What the task asks:
Number of lines with "rotate" in the listing: report it, and nothing else.

Records to use:
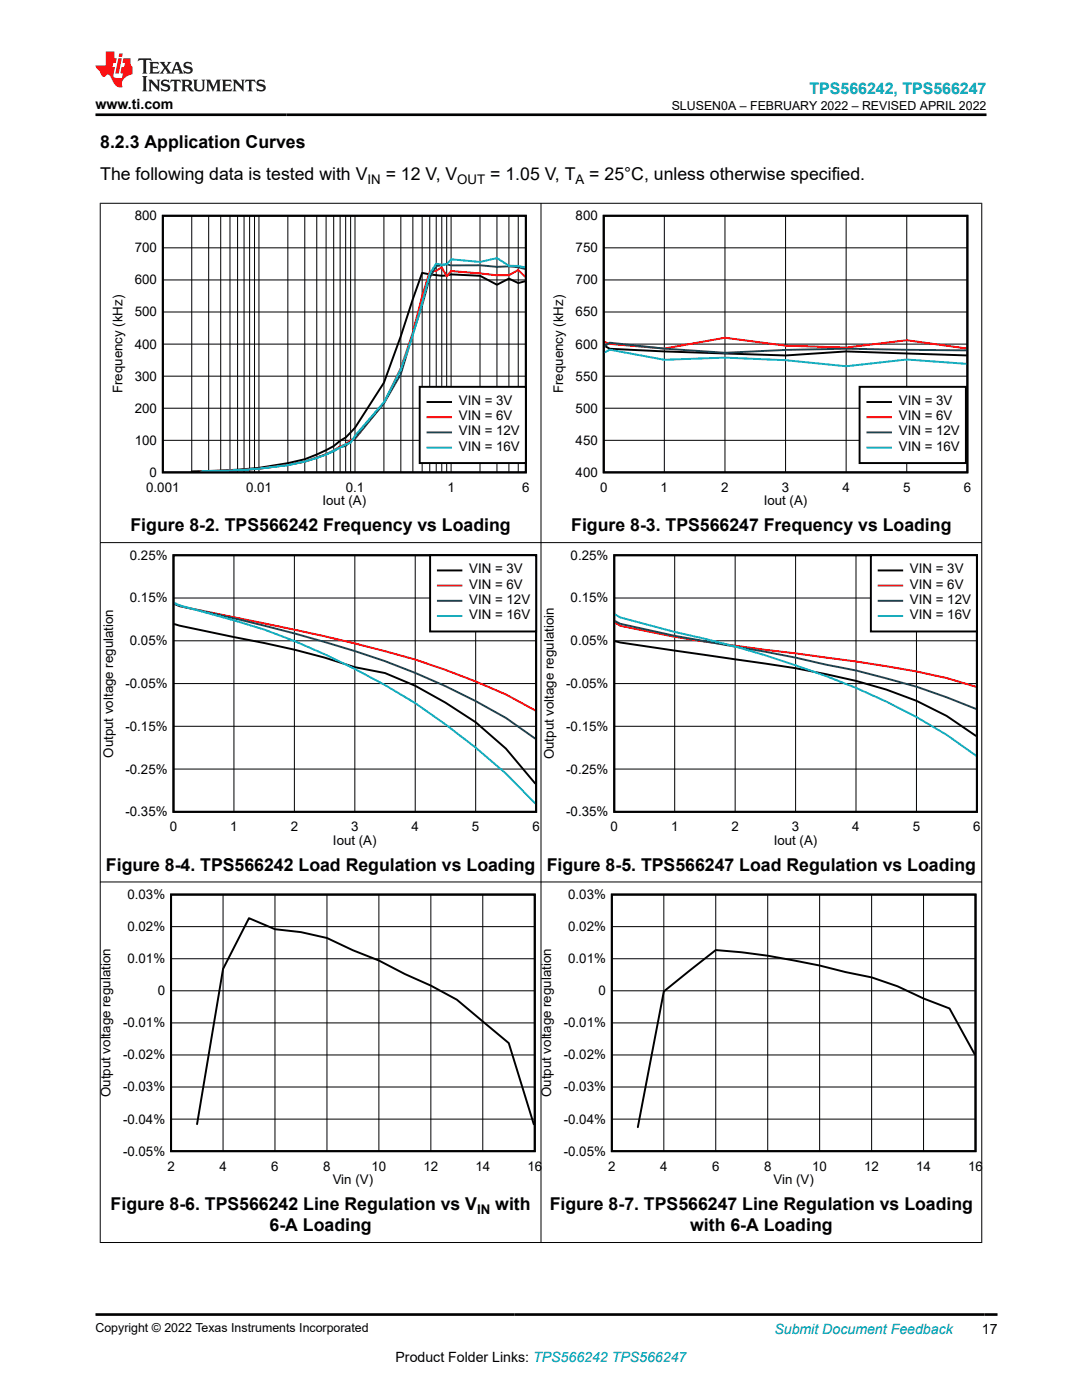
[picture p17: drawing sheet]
<svg xmlns="http://www.w3.org/2000/svg" width="216mm" height="279mm" viewBox="0 0 216 279" stroke-linecap="round" stroke-linejoin="round" font-family="sans-serif">
<defs><g id="words">
<g font-size="3.5">
<text x="20" y="29.6">8.2.3 Application Curves</text>
<text x="20" y="35.9">The following data is tested with V</text>
<text x="77" y="35.9">= 12 V, V</text>
<text x="97.8" y="35.9">= 1.05 V, T</text>
<text x="117.6" y="35.9">= 25°C, unless otherwise specified.</text>
<text x="26" y="106.1">Figure 8-2. TPS566242 Frequency vs Loading</text>
<text x="114" y="106.1">Figure 8-3. TPS566247 Frequency vs Loading</text>
<text x="21.1" y="173.8">Figure 8-4. TPS566242 Load Regulation vs Loading</text>
<text x="109.1" y="173.8">Figure 8-5. TPS566247 Load Regulation vs Loading</text>
<text x="22.1" y="241.5">Figure 8-6. TPS566242 Line Regulation vs V</text>
<text x="53.8" y="245.7">6-A Loading</text>
<text x="98.8" y="241.5">with</text>
<text x="109.7" y="241.5">Figure 8-7. TPS566247 Line Regulation vs Loading</text>
<text x="137.7" y="245.7">with 6-A Loading</text>
</g>
<text font-size="3.2" fill="#00f" x="161.5" y="18.7">TPS566242, TPS566247</text>
<g font-size="2.8">
<text x="19" y="21.8">www.ti.com</text>
<text x="195.9" y="266.1">17</text>
<text x="78.9" y="271.7">Product Folder Links: TPS566242 TPS566247</text>
</g>
<text font-size="2.8" fill="#00f" x="154.5" y="266.2">Submit Document Feedback</text>
<g font-size="2.7">
<text x="26.9" y="43.9">800</text>
<text x="114.9" y="43.9">800</text>
<text x="26.9" y="50.3">700</text>
<text x="114.9" y="50.3">750</text>
<text x="26.9" y="56.8">600</text>
<text x="114.9" y="56.8">700</text>
<text x="26.9" y="63.2">500</text>
<text x="114.9" y="63.2">650</text>
<text x="26.9" y="69.6">400</text>
<text x="114.9" y="69.6">600</text>
<text x="26.9" y="76">300</text>
<text x="114.9" y="76">550</text>
<text x="24.4" y="78.5" transform="rotate(-90 24.4 78.5)">Frequency (kHz)</text>
<text x="26.9" y="82.4">200</text>
<text x="91.6" y="80.8">VIN = 3V</text>
<text x="91.6" y="83.9">VIN = 6V</text>
<text x="112.4" y="78.5" transform="rotate(-90 112.4 78.5)">Frequency (kHz)</text>
<text x="114.9" y="82.4">500</text>
<text x="179.3" y="80.8">VIN = 3V</text>
<text x="179.3" y="83.9">VIN = 6V</text>
<text x="26.9" y="88.8">100</text>
<text x="91.6" y="86.9">VIN = 12V</text>
<text x="91.6" y="89.9">VIN = 16V</text>
<text x="114.9" y="88.8">450</text>
<text x="179.3" y="86.9">VIN = 12V</text>
<text x="179.3" y="89.9">VIN = 16V</text>
<text x="29.8" y="95.2">0</text>
<text x="114.9" y="95.2">400</text>
<text x="29.2" y="98.2">0.001</text>
<text x="49.1" y="98.2">0.01</text>
<text x="64.4" y="100.9">Iout (A)</text>
<text x="69" y="98.2">0.1</text>
<text x="89.3" y="98.2">1</text>
<text x="104.2" y="98.2">6</text>
<text x="119.7" y="98.2">0</text>
<text x="131.8" y="98.2">1</text>
<text x="143.9" y="98.2">2</text>
<text x="152.4" y="100.9">Iout (A)</text>
<text x="156" y="98.2">3</text>
<text x="168.1" y="98.2">4</text>
<text x="180.2" y="98.2">5</text>
<text x="192.3" y="98.2">6</text>
<text x="25.9" y="111.7">0.25%</text>
<text x="113.9" y="111.7">0.25%</text>
<text x="93.6" y="114.4">VIN = 3V</text>
<text x="93.6" y="117.5">VIN = 6V</text>
<text x="181.6" y="114.4">VIN = 3V</text>
<text x="181.6" y="117.5">VIN = 6V</text>
<text x="25.9" y="120.2">0.15%</text>
<text x="93.6" y="120.5">VIN = 12V</text>
<text x="93.6" y="123.5">VIN = 16V</text>
<text x="113.9" y="120.2">0.15%</text>
<text x="181.6" y="120.5">VIN = 12V</text>
<text x="181.6" y="123.5">VIN = 16V</text>
<text x="25.9" y="128.8">0.05%</text>
<text x="113.9" y="128.8">0.05%</text>
<text x="25" y="137.3">-0.05%</text>
<text x="113" y="137.3">-0.05%</text>
<text x="25" y="145.8">-0.15%</text>
<text x="113" y="145.8">-0.15%</text>
<text x="22.6" y="151.2" transform="rotate(-90 22.6 151.2)">Output voltage regulation</text>
<text x="25" y="154.4">-0.25%</text>
<text x="110.5" y="151.5" transform="rotate(-90 110.5 151.5)">Output voltage regulatioin</text>
<text x="113" y="154.4">-0.25%</text>
<text x="25" y="162.9">-0.35%</text>
<text x="33.9" y="165.9">0</text>
<text x="45.9" y="165.9">1</text>
<text x="58" y="165.9">2</text>
<text x="70.1" y="165.9">3</text>
<text x="82.1" y="165.9">4</text>
<text x="94.2" y="165.9">5</text>
<text x="106.2" y="165.9">6</text>
<text x="113" y="162.9">-0.35%</text>
<text x="121.8" y="165.9">0</text>
<text x="133.9" y="165.9">1</text>
<text x="146" y="165.9">2</text>
<text x="158" y="165.9">3</text>
<text x="170.1" y="165.9">4</text>
<text x="182.1" y="165.9">5</text>
<text x="194.2" y="165.9">6</text>
<text x="66.4" y="168.6">Iout (A)</text>
<text x="154.4" y="168.6">Iout (A)</text>
<text x="25.4" y="179.4">0.03%</text>
<text x="113.4" y="179.4">0.03%</text>
<text x="25.4" y="185.8">0.02%</text>
<text x="113.4" y="185.8">0.02%</text>
<text x="25.4" y="192.2">0.01%</text>
<text x="113.4" y="192.2">0.01%</text>
<text x="31.5" y="198.6">0</text>
<text x="119.4" y="198.6">0</text>
<text x="24.6" y="205">-0.01%</text>
<text x="112.5" y="205">-0.01%</text>
<text x="24.6" y="211.4">-0.02%</text>
<text x="112.5" y="211.4">-0.02%</text>
<text x="22.1" y="219" transform="rotate(-90 22.1 219)">Output voltage regulation</text>
<text x="24.6" y="217.8">-0.03%</text>
<text x="110" y="219" transform="rotate(-90 110 219)">Output voltage regulation</text>
<text x="112.5" y="217.8">-0.03%</text>
<text x="24.6" y="224.2">-0.04%</text>
<text x="112.5" y="224.2">-0.04%</text>
<text x="24.6" y="230.6">-0.05%</text>
<text x="33.4" y="233.7">2</text>
<text x="43.8" y="233.7">4</text>
<text x="54.1" y="233.7">6</text>
<text x="64.5" y="233.7">8</text>
<text x="74.1" y="233.7">10</text>
<text x="84.5" y="233.7">12</text>
<text x="94.9" y="233.7">14</text>
<text x="105.2" y="233.7">16</text>
<text x="112.5" y="230.6">-0.05%</text>
<text x="121.3" y="233.7">2</text>
<text x="131.7" y="233.7">4</text>
<text x="142.1" y="233.7">6</text>
<text x="152.5" y="233.7">8</text>
<text x="162.1" y="233.7">10</text>
<text x="172.4" y="233.7">12</text>
<text x="182.8" y="233.7">14</text>
<text x="193.2" y="233.7">16</text>
<text x="66.4" y="236.3">Vin (V)</text>
<text x="154.3" y="236.3">Vin (V)</text>
</g>
<g font-size="2.6">
<text x="73.3" y="36.6">IN</text>
<text x="91.2" y="36.6">OUT</text>
<text x="114.8" y="36.6">A</text>
<text x="95.2" y="242.2">IN</text>
</g>
<g font-size="2.5">
<text x="134" y="21.9">SLUSEN0A – FEBRUARY 2022 – REVISED APRIL 2022</text>
<text x="19" y="265.9">Copyright © 2022 Texas Instruments Incorporated</text>
</g>
</g></defs>
<path d="M32.5 43.1h72.4v51.2h-72.4zM104.7 56.1l-1.3 .4-1.9-.9-2.3 1.2-3.4-1.8-5.8-.2a8.1 8.1 0 0 1-4.2 0l-1.6-.3-4.2 12.6-3.4 9.3-5.8 9-1.8 1.9-1.1 .7a21.3 21.3 0 0 1-7.1 3.6 61.5 61.5 0 0 1-12.1 2l-10.4 .5" fill="none" stroke="#000" stroke-width=".39"/>
<g fill="none" stroke="#000" stroke-width=".2">
<path d="M32.5 55.9h72.4M32.5 49.5h72.4M38.3 43.1v51.2M41.6 43.1v51.2M44 43.1v51.2M45.9 43.1v51.2M47.4 43.1v51.2M48.7 43.1v51.2M49.8 43.1v51.2M50.8 43.1v51.2M51.7 43.1v51.2M57.4 43.1v51.2"/>
<path d="M60.8 43.1v51.2M63.2 43.1v51.2M65.1 43.1v51.2M66.6 43.1v51.2M67.9 43.1v51.2M69 43.1v51.2M70 43.1v51.2M70.8 43.1v51.2M76.6 43.1v51.2M80 43.1v51.2M82.4 43.1v51.2M84.2 43.1v51.2"/>
<path d="M85.8 43.1v51.2M87 43.1v51.2M88.2 43.1v51.2M89.1 43.1v51.2M90 43.1v51.2M95.8 43.1v51.2M99.2 43.1v51.2M101.5 43.1v51.2M103.4 43.1v51.2M32.5 75.1h72.4M32.5 68.7h72.4M32.5 62.3h72.4"/>
<path d="M32.5 87.9h72.4M32.5 81.5h72.4"/>
</g>
<path d="M104.7 55.2l-1.3-1.3-1.9 1h-2.3l-9.2-.8-.9 1.1-.9-1.8-1.2 .7-1.2 .1-1.6 4.9-1.8 7.2-2.4 7.2-3.4 6.9-5.8 7.2-.8 .2-1 .9-1.1 .4-1.3 .8a39.4 39.4 0 0 1-14.9 3.6l-11.8 .6" fill="none" stroke="#f00" stroke-width=".39"/>
<path d="M104.7 53.7l-1.3-.4-1.9-.1-2.3 .1-3.4-.4-5.8 .1-.9-.3-2.1 .4-1.2 2.3-1.6 5.5-4.2 13.8-3.4 5.8-5.8 7-.8 .5-1 1-1.1 .3-1.3 .8a41.5 41.5 0 0 1-15.8 3.5l-10.6 .5" fill="none" stroke="#105465" stroke-width=".39"/>
<path d="M104.7 53.4l-1.3-.3-1.9-.1-2.3-1.5-3.4 .8-5.8-.5-.9 .9-.9 .1-1.2-.2-1.2 2-3.4 12.2-2.4 6.9-3.4 6.6-5.8 6.7-.8 1.4-1 .3-1.1 .6a27.4 27.4 0 0 1-10.5 3.5l-7.6 .9-9.6 .4" fill="none" stroke="#00bacc" stroke-width=".39"/>
<path d="M83.7 77.2h21.2v15.2h-21.2z" fill-rule="evenodd" fill="#fff"/>
<path d="M120.5 43.1h72.5v51.2h-72.5zM83.7 77.2h21.2v15.2h-21.2zM120.6 69l1.1 .6 10.9 .5 24.2 .8 12-.8 24 .8M85.3 80.2h4.7" fill="none" stroke="#000" stroke-width=".39"/>
<path d="M120.6 68.3l1.1 .3 10.9 1 12.1-2.2 12.1 1.6 12 .4 12.1-1.5 11.9 1.6M85.3 83.3h4.7" fill="none" stroke="#f00" stroke-width=".39"/>
<path d="M120.6 69.1l1.1-.7 10.9 1.2 12.1 .8 12.1-.6 12-.2 24 .3M85.3 86.3h4.7" fill="none" stroke="#105465" stroke-width=".39"/>
<path d="M120.6 70.3l1.1-.5 10.9 2 12.1-.4 12.1 .5 12 1.2 12.1-1.4 11.9 .9M85.3 89.3h4.7" fill="none" stroke="#00bacc" stroke-width=".39"/>
<path d="M120.5 55.9h72.5M120.5 49.5h72.5M132.6 43.1v51.2M144.7 43.1v51.2M156.8 43.1v51.2M168.8 43.1v51.2M180.9 43.1v51.2M120.5 75.1h72.5M120.5 68.7h72.5M120.5 62.3h72.5M120.5 87.9h72.5M120.5 81.5h72.5" fill="none" stroke="#000" stroke-width=".2"/>
<path d="M171.5 77.2h21.2v15.2h-21.2z" fill-rule="evenodd" fill="#fff"/>
<path d="M171.5 77.2h21.2v15.2h-21.2zM173.1 80.2h4.7M34.6 110.8h72.4v51.2h-72.4zM34.8 124.6l11.9 2.5a163.1 163.1 0 0 1 24.1 6.1l6 1.1 6.1 2.6 6 3.3 6 3.9 6 5.3 5.9 7" fill="none" stroke="#000" stroke-width=".39"/>
<path d="M173.1 83.3h4.7M34.8 120.5l1 .5 16.9 3.4a373 373 0 0 1 30.2 7.2l6 2.1 6 2.3 6 2.6 5.9 3.2" fill="none" stroke="#f00" stroke-width=".39"/>
<path d="M173.1 86.3h4.7M34.8 120.5l1 .5a333.4 333.4 0 0 1 41 10.9 145 145 0 0 1 24.1 11.4l5.9 4.1" fill="none" stroke="#105465" stroke-width=".39"/>
<path d="M173.1 89.3h4.7M34.8 120.3l1 .5 10.9 3a133.1 133.1 0 0 1 30.1 12.9 141.6 141.6 0 0 1 24.1 17.7l5.9 5.9" fill="none" stroke="#00bacc" stroke-width=".39"/>
<path d="M34.6 119.3h72.4M46.7 110.8v51.2M58.7 110.8v51.2M70.8 110.8v51.2M82.9 110.8v51.2M94.9 110.8v51.2M34.6 136.4h72.4M34.6 127.9h72.4M34.6 153.5h72.4M34.6 144.9h72.4" fill="none" stroke="#000" stroke-width=".2"/>
<path d="M85.8 110.8h21.2v15.2h-21.2z" fill-rule="evenodd" fill="#fff"/>
<path d="M85.8 110.8h21.2v15.2h-21.2zM87.4 113.8h4.7M122.6 110.8h72.3v51.2h-72.3zM122.7 128l1.1 .2 16.9 2.5a400.3 400.3 0 0 1 24.1 3.8 79.1 79.1 0 0 1 24.1 8.4l5.8 4" fill="none" stroke="#000" stroke-width=".39"/>
<path d="M87.4 116.9h4.7M122.7 124.3l1.1 .6a312.6 312.6 0 0 0 35 5.5 323.6 323.6 0 0 1 30.1 4.9l5.8 1.8" fill="none" stroke="#f00" stroke-width=".39"/>
<path d="M87.4 119.9h4.7M122.7 124l1.1 .5a482.9 482.9 0 0 0 28.9 5.6l6.1 1.1 6 1.4a155.1 155.1 0 0 1 24.1 6.6l5.8 2.3" fill="none" stroke="#105465" stroke-width=".39"/>
<path d="M87.4 122.9h4.7M122.7 122.6l1.1 .6 10.8 2.9a197 197 0 0 1 42.2 13.9l6.1 3.1 6 3.6 5.8 4.1" fill="none" stroke="#00bacc" stroke-width=".39"/>
<path d="M122.6 119.3h72.3M134.6 110.8v51.2M146.7 110.8v51.2M158.8 110.8v51.2M170.8 110.8v51.2M182.9 110.8v51.2M122.6 136.4h72.3M122.6 127.9h72.3M122.6 153.5h72.3M122.6 144.9h72.3" fill="none" stroke="#000" stroke-width=".2"/>
<path d="M173.8 110.8h21.1v15.2h-21.1z" fill-rule="evenodd" fill="#fff"/>
<path d="M173.8 110.8h21.1v15.2h-21.1zM175.3 113.8h4.7M34.1 178.5h72.6v51.2h-72.6zM122.1 178.5h72.6v51.2h-72.6zM194.5 210.4l-5-9.1-5.2-2-5.2-2.5-5.2-1.7-5.2-1.1a147 147 0 0 0-25.9-4.4l-10.3 8.3-5.2 27M39.3 224.3l5.2-30.9 5.2-10.2 5.2 2.2 5.2 .6 5.1 1.2 5.2 2.4 5.2 2.1 5.2 2.7 5.2 2.3 5.2 2.8 10.3 8.7 5 16.2" fill="none" stroke="#000" stroke-width=".39"/>
<path d="M175.3 116.9h4.7" fill="none" stroke="#f00" stroke-width=".39"/>
<path d="M175.3 119.9h4.7" fill="none" stroke="#105465" stroke-width=".39"/>
<path d="M175.3 122.9h4.7" fill="none" stroke="#00bacc" stroke-width=".39"/>
<g fill="none" stroke="#000" stroke-width=".2">
<path d="M19.9 40.6h176.1M20 40.5v207.5M107.9 40.5v207.5M195.9 40.5v207.5M19.9 108.3h176.1M19.9 176h176.1M44.5 178.5v51.3M54.9 178.5v51.3M65.2 178.5v51.3M75.6 178.5v51.3M86 178.5v51.3M96.3 178.5v51.3"/>
<path d="M132.5 178.5v51.3M142.8 178.5v51.3M153.2 178.5v51.3M163.6 178.5v51.3M173.9 178.5v51.3M184.3 178.5v51.3M34.1 197.7h72.6M34.1 191.3h72.6M34.1 184.9h72.6M122.1 197.7h72.6M122.1 191.3h72.6M122.1 184.9h72.6"/>
<path d="M34.1 216.9h72.6M34.1 210.5h72.6M34.1 204.1h72.6M122.1 216.9h72.6M122.1 210.5h72.6M122.1 204.1h72.6M34.1 223.3h72.6M122.1 223.3h72.6M19.9 248h176.1"/>
</g>
<path d="M27.7 11.6l-.2 .6 .5-.2h.6v.1v2.2l-.2 .4h1l-.2-.4v-2.2v-.1h.5l.5 .2-.1-.6zM29.8 12.4l.2 .3v1.6l-.2 .4h1.9l.1-.6a1.08 1.08 0 0 1-1.3 .2v-.7h.6l.4 .2v-.7l-.4 .2h-.6v-.5l.2-.2a1 1 0 0 1 1 .3l-.1-.5zM31.8 12.4l1 1.1-1 1.2h.9l-.2-.2 .4-.8 .5 .8-.2 .2h1.6l-.2-.2 .1-.5h1l.1 .5-.1 .2h.9l-.2-.4-.8-1.9h-.5l-1 2.1-.8-1.1 .9-1h-.8l.2 .2-.5 .6-.3-.6 .1-.2zM35.2 12.8l.4 1h-.8zM36.8 12.5a.65 .65 0 0 0-.2 .7 .65 .65 0 0 0 .6 .5l.7 .1 .1 .3a.79 .79 0 0 1-.7 .4 .79 .79 0 0 1-.7-.5l.1 .7 .2-.1a.93 .93 0 0 0 1.1 0 .93 .93 0 0 0 .4-.9 1.46 1.46 0 0 0-1.2-.6l-.1-.3a1.09 1.09 0 0 1 1.2 .2l-.2-.6-.1 .1-.6-.2zM28.4 15.2l.2 .4v2.2l-.2 .4h1l-.2-.4v-2.2l.2-.4zM29.6 15.9l.2 .4v1.5l-.2 .4h.8l-.3-.4v-1.3l1.7 1.8v-2l.2-.4h-.8l.2 .2 .1 1.1-1.2-1.3zM32.3 16a.65 .65 0 0 0-.2 .8 .65 .65 0 0 0 .7 .4l.6 .2 .1 .2a.79 .79 0 0 1-.7 .4 .79 .79 0 0 1-.7-.5l.1 .7 .2-.1a.93 .93 0 0 0 1.1 .1 .93 .93 0 0 0 .4-1 1.46 1.46 0 0 0-1.2-.5l-.1-.4a1.09 1.09 0 0 1 1.2 .2l-.2-.6-.1 .1-.6-.1zM34.1 15.9l-.1 .6a.63 .63 0 0 1 .7-.3l.1 1.6-.3 .4h1l-.2-.4v-1.6a.66 .66 0 0 1 .8 .3l-.1-.6zM36.2 15.9l.2 .4v1.5l-.2 .4h.9l-.2-.2v-.7h.5l.1 .2a.79 .79 0 0 0 1.2 .6l-1-.9a.61 .61 0 0 0 .6-.6 .61 .61 0 0 0-.5-.7zM36.9 16.2h.2a.47 .47 0 0 1 .5 .1 .47 .47 0 0 1 .1 .5l-.2 .1-.6 .1zM38.5 15.9l.2 .2a2.27 2.27 0 0 0 .4 2 1.04 1.04 0 0 0 1.7-.7v-1.3l.2-.2h-.8l.2 .4v1.1a.6 .6 0 0 1-.6 .6 .6 .6 0 0 1-.6-.6v-1.1l.3-.4zM41.1 15.9l.2 .4v1.5l-.2 .4h.7l-.2-.4v-1.4l.9 1.9 .8-1.9v1.4l-.2 .4h1l-.3-.4v-1.5l.3-.4h-.8l-.7 1.5-.7-1.5zM44.3 15.9l.2 .4v1.5l-.2 .4h1.9l.1-.6a1.09 1.09 0 0 1-1.3 .2v-.7h.6l.4 .2v-.6l-.4 .2h-.6v-.6l.2-.1a1.01 1.01 0 0 1 1 .3l-.1-.6zM46.4 15.9l.3 .4v1.5l-.3 .4h.8l-.2-.4v-1.3l1.6 1.8v-2l.2-.4h-.7l.2 .2v1.1l-1.2-1.3zM49 15.9l-.1 .6a.63 .63 0 0 1 .8-.3v1.6l-.3 .4h1l-.2-.4v-1.6a.66 .66 0 0 1 .8 .3l-.1-.6zM51.4 16a.65 .65 0 0 0-.2 .8 .65 .65 0 0 0 .6 .4l.6 .2 .2 .2a.79 .79 0 0 1-.8 .4 .79 .79 0 0 1-.6-.5l.1 .7 .2-.1a.93 .93 0 0 0 1 .1 .93 .93 0 0 0 .5-1 1.46 1.46 0 0 0-1.3-.5l-.1-.4a1.09 1.09 0 0 1 1.3 .2l-.2-.6-.2 .1-.5-.1z" fill="#231f20"/>
<path d="M21.1 10.3v2.7h-2.1l.1 .4 .9 1a.95 .95 0 0 0 .9 .9 .59 .59 0 0 1 .6-.4 .59 .59 0 0 1 .5 .3l.4 .8a1.59 1.59 0 0 0 2.1 1.4 1.61 1.61 0 0 1 1-2.3l1-.3-.1-1.5a1.59 1.59 0 0 1-.4-1.7h-1.4l-.2 .9h.5l-.1 .9h-.5l-.2 .9v.3l.4 .1-.2 .9h-.6a.73 .73 0 0 1-1.1-.7l.3-1.5h-.5l.2-.9h.5l.2-.9h-.5v-1.3zM23.6 11.6l-.6 3.1h.7l.6-3.1zM23.8 10.7l-.1 .6h.7l.1-.6z" fill="#ed1c24"/>
<path d="M19 22.9h177.8M19.1 262.3h179.9" fill="none" stroke="#000" stroke-width=".53"/>
<use href="#words"/>
</svg>

Task result:
6